The so-called predicative (or `adverbial') participle is currently said to fulfil a function in the sentence that can also be fulfilled by subordinate clauses introduced by conjunctions, so-called adverbial clauses (K.–St. I.771; Sz. 384). This is correct. But participles differ from such clauses, in that the `adverbial relation' is not expressed explicitly but appears from the meaning of the verbal lexeme and/or from the context. Under certain circumstances, participles may be interpreted in the following ways (besides temporally): causally ((87)–(88)), conditionally ((89)–(90)), concessively ((91)–(92)) and as expressing Purpose ((93)).

(87) C. Servilius Ahala Spurium Maelium regnum appetentem … interemit (`C.S.A. killed Sp. M., because he was striving after absolute power', Cic. Sen. 56)

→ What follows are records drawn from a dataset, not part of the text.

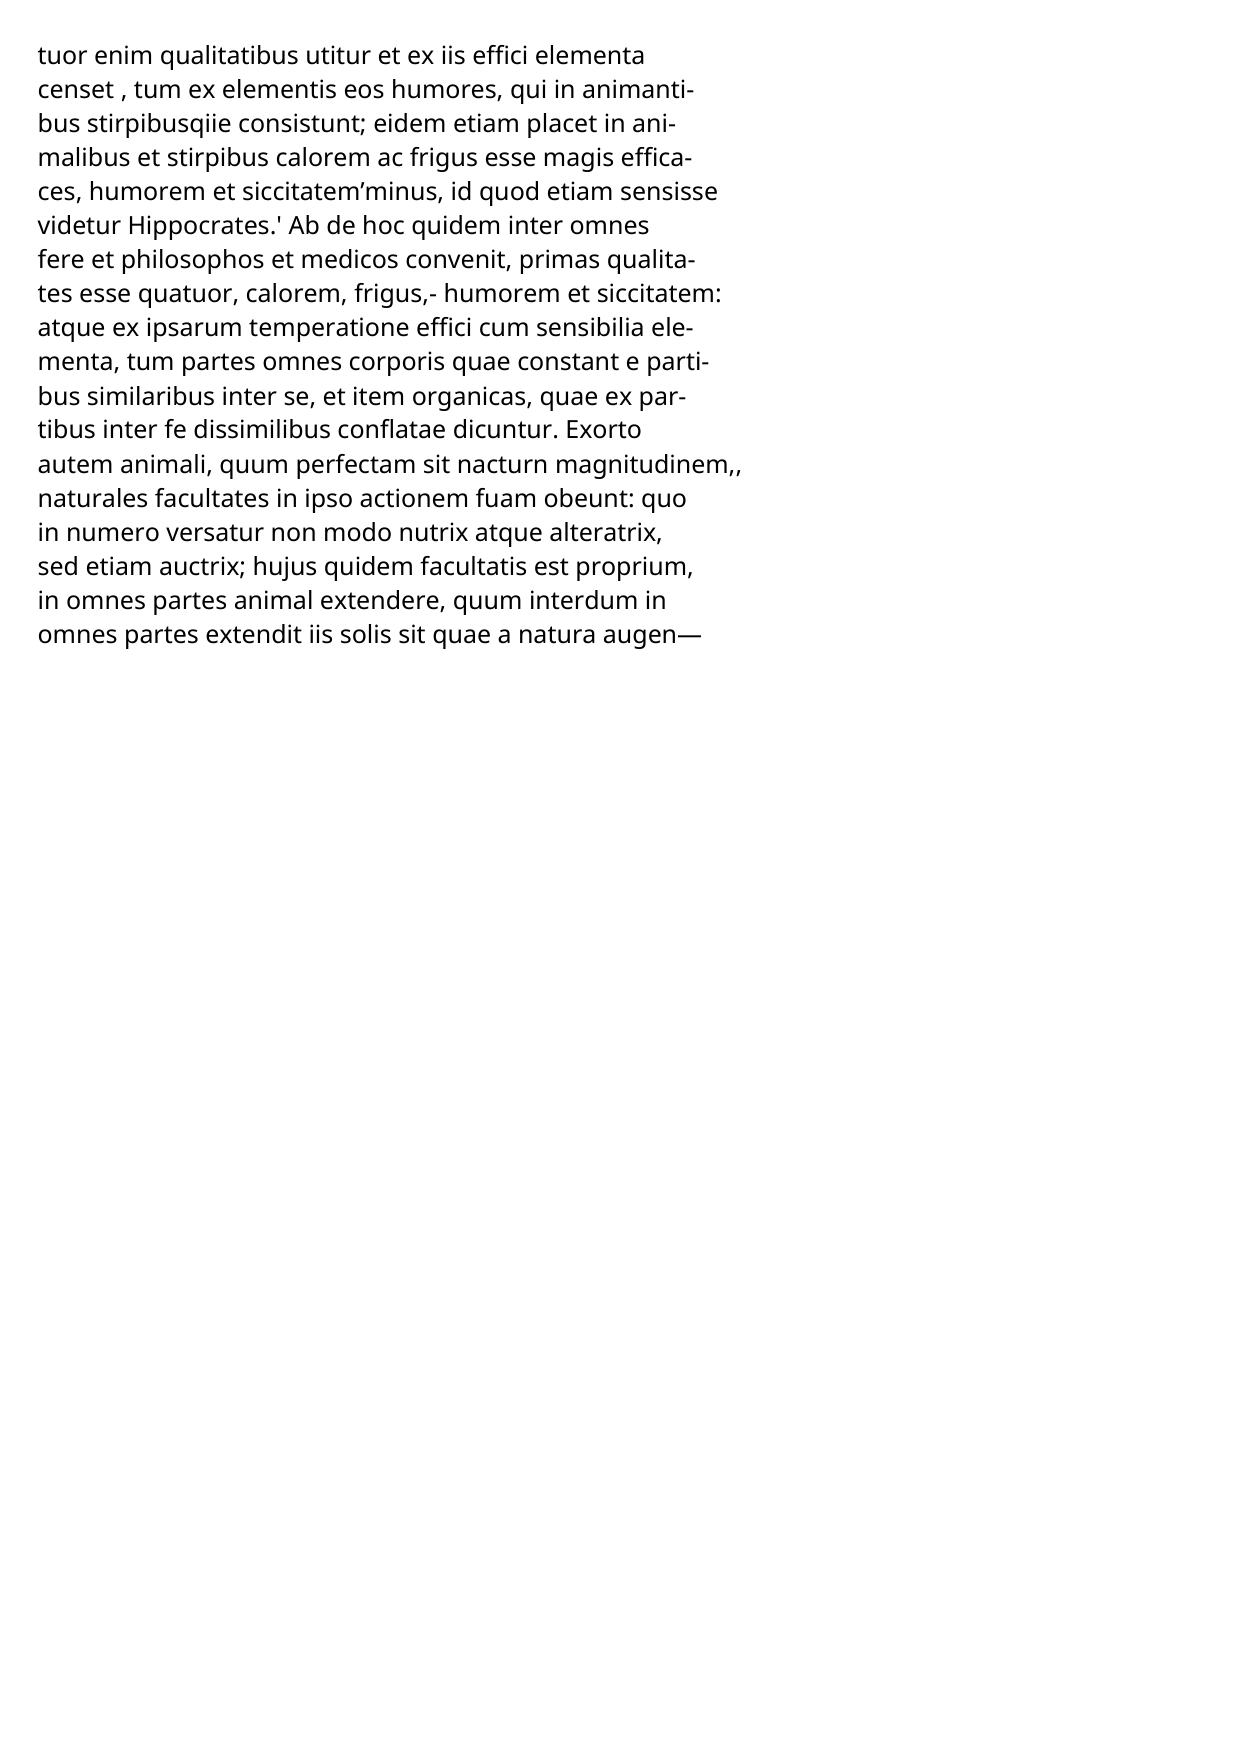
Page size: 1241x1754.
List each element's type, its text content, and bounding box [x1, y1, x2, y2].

text tuor enim qualitatibus utitur et ex iis effici elementa censet , tum ex elementis eos humores, qui in animanti- bus stirpibusqiie consistunt; eidem etiam placet in ani- malibus et stirpibus calorem ac frigus esse magis effica- ces, humorem et siccitatem’minus, id quod etiam sensisse videtur Hippocrates.' Ab de hoc quidem inter omnes fere et philosophos et medicos convenit, primas qualita- tes esse quatuor, calorem, frigus,- humorem et siccitatem: atque ex ipsarum temperatione effici cum sensibilia ele- menta, tum partes omnes corporis quae constant e parti- bus similaribus inter se, et item organicas, quae ex par- tibus inter fe dissimilibus conflatae dicuntur. Exorto autem animali, quum perfectam sit nacturn magnitudinem,, naturales facultates in ipso actionem fuam obeunt: quo in numero versatur non modo nutrix atque alteratrix, sed etiam auctrix; hujus quidem facultatis est proprium, in omnes partes animal extendere, quum interdum in omnes partes extendit iis solis sit quae a natura augen— [37, 37, 1203, 651]
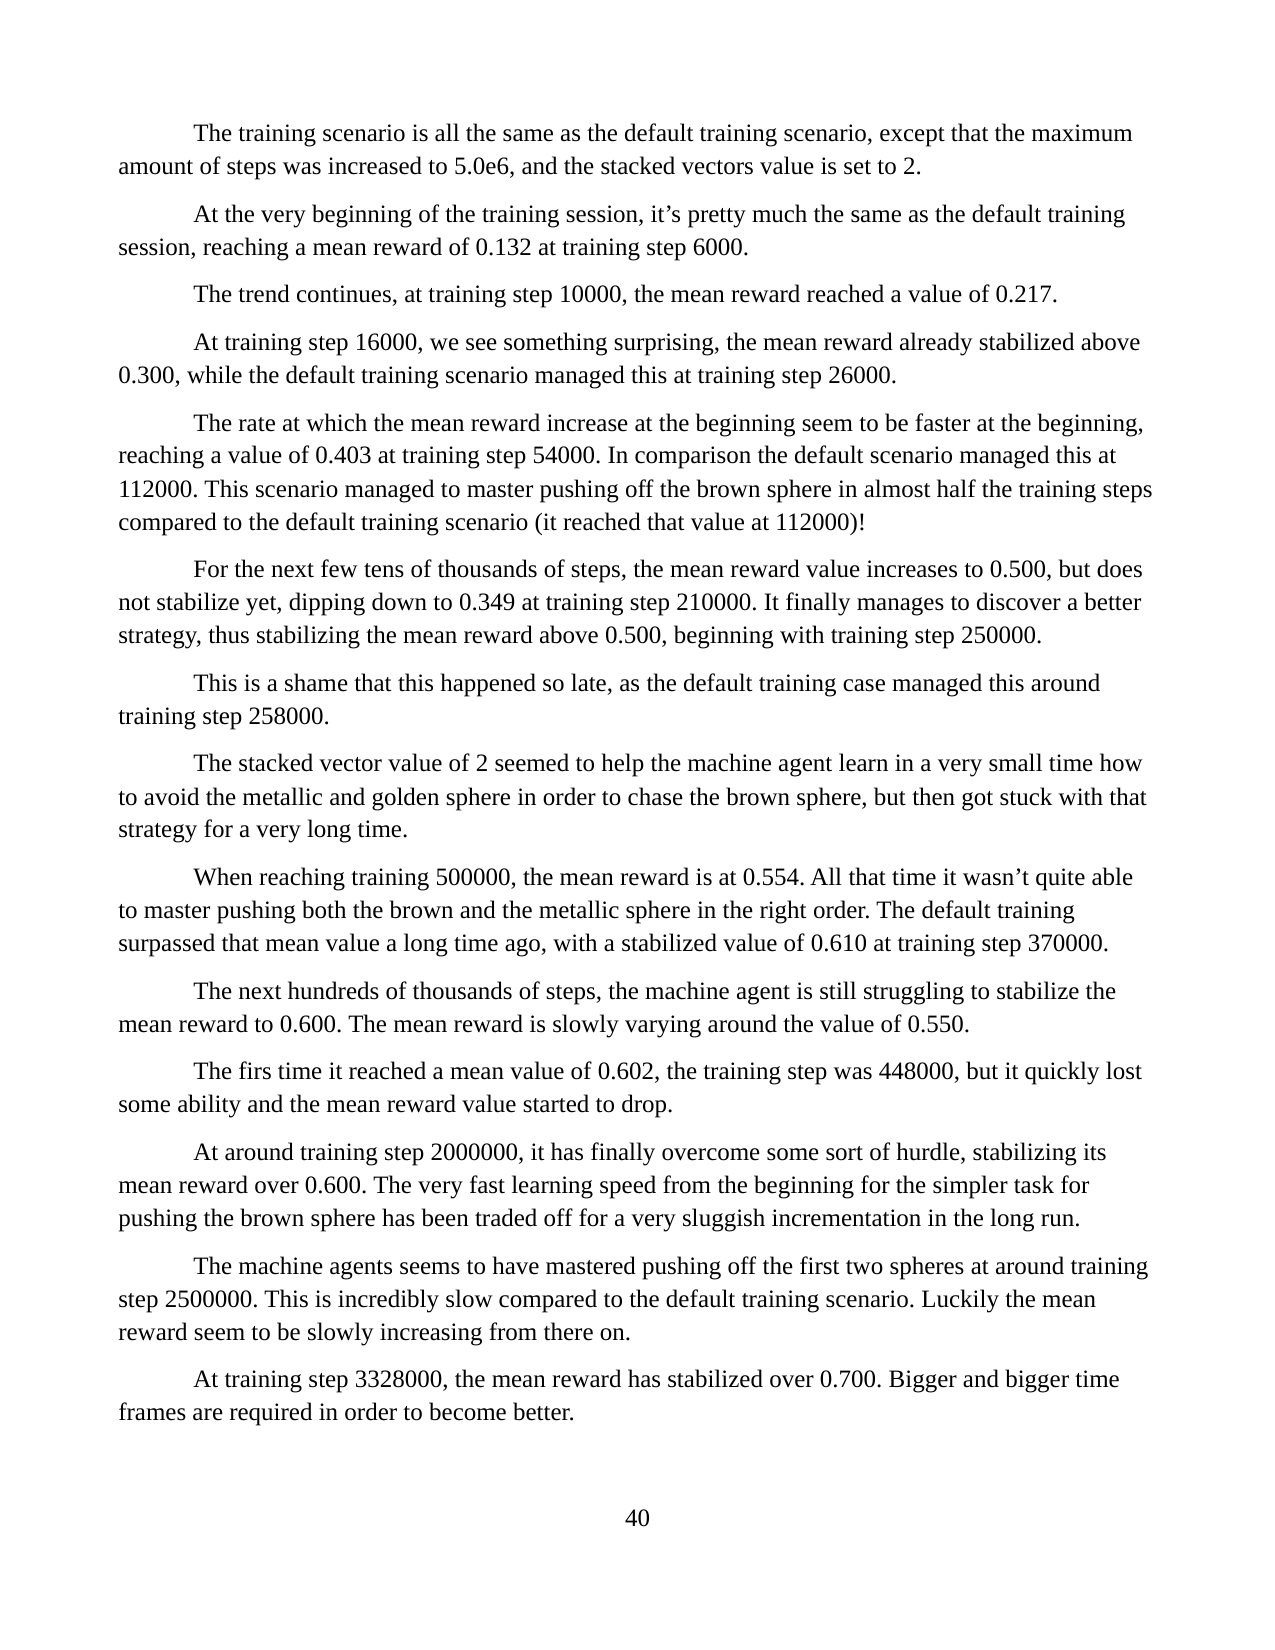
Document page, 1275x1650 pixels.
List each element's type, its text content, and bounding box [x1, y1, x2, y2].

text The stacked vector value of 2 seemed to help the machine agent learn in a very small time how to avoid the metallic and golden sphere in order to chase the brown sphere, but then got stuck with that strategy for a very long time. [118, 748, 1157, 843]
text For the next few tens of thousands of steps, the mean reward value increases to 0.500, but does not stabilize yet, dipping down to 0.349 at training step 210000. It finally manages to discover a better strategy, thus stabilizing the mean reward above 0.500, beginning with training step 250000. [118, 554, 1157, 649]
text The training scenario is all the same as the default training scenario, except that the maximum amount of steps was increased to 5.0e6, and the stacked vectors value is set to 2. [118, 118, 1157, 180]
text At the very beginning of the training session, it’s pretty much the same as the default training session, reaching a mean reward of 0.132 at training step 6000. [118, 199, 1157, 261]
text The firs time it reached a mean value of 0.602, the training step was 448000, but it quickly lost some ability and the mean reward value started to drop. [118, 1056, 1157, 1118]
text The trend continues, at training step 10000, the mean reward reached a value of 0.217. [118, 279, 1157, 308]
text This is a shame that this happened so late, as the default training case managed this around training step 258000. [118, 668, 1157, 730]
text At training step 3328000, the mean reward has stabilized over 0.700. Bigger and bigger time frames are required in order to become better. [118, 1364, 1157, 1426]
text When reaching training 500000, the mean reward is at 0.554. All that time it wasn’t quite able to master pushing both the brown and the metallic sphere in the right order. The default training surpassed that mean value a long time ago, with a stabilized value of 0.610 at training step 370000. [118, 862, 1157, 957]
text At around training step 2000000, it has finally overcome some sort of hurdle, stabilizing its mean reward over 0.600. The very fast learning speed from the beginning for the simpler task for pushing the brown sphere has been traded off for a very sluggish incrementation in the long run. [118, 1137, 1157, 1232]
text At training step 16000, we see something surprising, the mean reward already stabilized above 0.300, while the default training scenario managed this at training step 26000. [118, 327, 1157, 389]
text The rate at which the mean reward increase at the beginning seem to be faster at the beginning, reaching a value of 0.403 at training step 54000. In comparison the default scenario managed this at 112000. This scenario managed to master pushing off the brown sphere in almost half the training steps compared to the default training scenario (it reached that value at 112000)! [118, 408, 1157, 535]
text The next hundreds of thousands of steps, the machine agent is still struggling to stabilize the mean reward to 0.600. The mean reward is slowly varying around the value of 0.550. [118, 976, 1157, 1038]
text The machine agents seems to have mastered pushing off the first two spheres at around training step 2500000. This is incredibly slow compared to the default training scenario. Luckily the mean reward seem to be slowly increasing from there on. [118, 1251, 1157, 1346]

(88) quare istam quoque aggredere, tractatam praesertim et ab aliis et a te ipso saepe (`So discuss this too, especially since it has been dealt with both by others and often by you yourself', Cic. Fin. 4.1)

(89) idem traducti a disputando ad dicendum inopes reperiantur (`The same people are found to be insufficiently eloquent if instead of engaging in a discussion they have to make a speech', Cic. Brut. 118)

(90) epistulae offendunt non loco redditae (`Letters are offensive if they are sent at an inappropriate moment', Cic. Fam. 11.16.1)

(91) (risus interdum) ita repente erumpat ut eum cupientes tenere nequeamus (`Sometimes laughter bursts forth so suddenly that we cannot suppress it, even if we want to', Cic. de Orat. 2.235)

(92) et quae iam diu gesta et a memoria nostra remota tamen faciant fidem vere tradita esse (`And even though they occurred a long time ago and long before our times, yet these events make the impression of having been handed down to us truthfully', Cic. Inv. 1.39)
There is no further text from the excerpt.